Forecast: State revenue growing more than expected – for now

Published 8:00 am Thursday, November 30, 2017

SALEM — State economists said Wednesday that they expect the state’s general fund and lottery revenues to be about $47 million higher than forecast last quarter.

State revenues are also are expected to climb higher than previously expected beyond mid-2019, when the state’s current budget biennium ends.

In the long term, revenues are expected to slow, as the state’s population ages and more of those people exit the labor force. Oregon collects most of its revenue from the personal income tax.

However, if plans in Congress to reform federal taxes succeed, that could boost the state’s income tax collections significantly, said state economist Mark McMullen.

As written, the GOP tax plan would do away with several deductions; and Oregonians can deduct their federal taxes from their state taxes. So reduced federal taxes could increase the amount that Oregonians pay to the state, although the tax plan could affect different income earners differently.

Meanwhile, the overall economic outlook is fairly stable, McMullen said.

While the rate of Oregon’s job growth has slowed, the state is still outperforming the overall U.S.

The state is also seeing broader gains in the economy. McMullen said, including among low-income people and beyond the state’s major population centers.

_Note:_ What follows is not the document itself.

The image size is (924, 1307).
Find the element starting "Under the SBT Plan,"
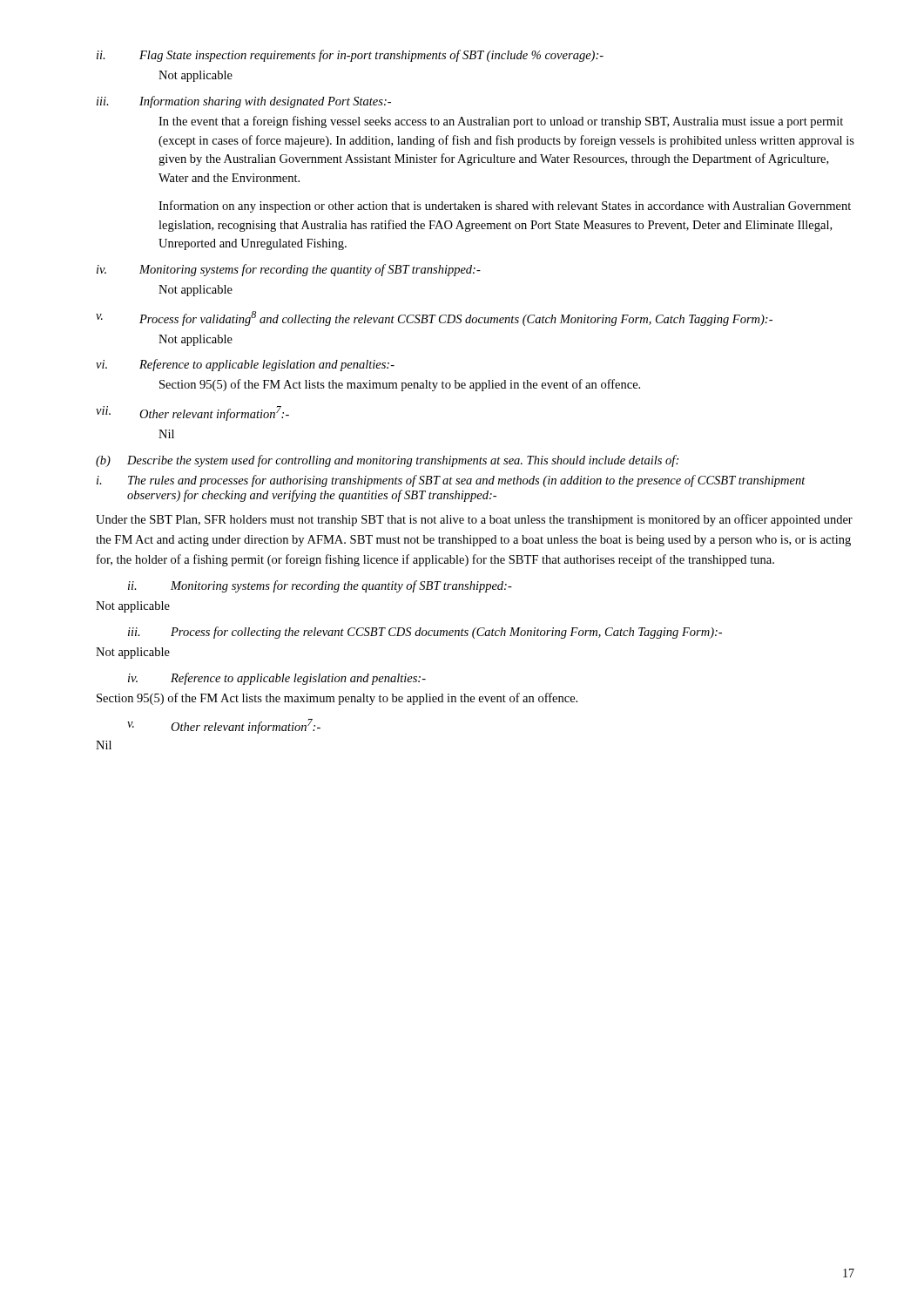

“A lot of our smaller and more distressed rural areas are starting to pick up,” McMullen said.

Mid-year population estimates show that every Oregon county has added population in 2017, which makes Oregon’s rural areas stand out from rural areas elsewhere in the country.

While at some point the economic expansion is going to end, the risk of entering a recession is currently low.

State economist Josh Lehner said there were few indicators of an impending recession. The state’s budgetary reserves are also growing, which could pad, but not fully offset, the effects of a recession.

The economic forecast was released on the heels of new population growth estimates from Portland State University’s Population Research Center, finding that the state’s population had increased between 64,750 between 2016 and 2017. Much of that — about 88 percent — was due to migration into the state.

While deaths are expected to outnumber births in Oregon in 2029, which could change the long-term outlook for revenue and economic growth, but Lehner also noted that the outlook for in-migration continues to be positive.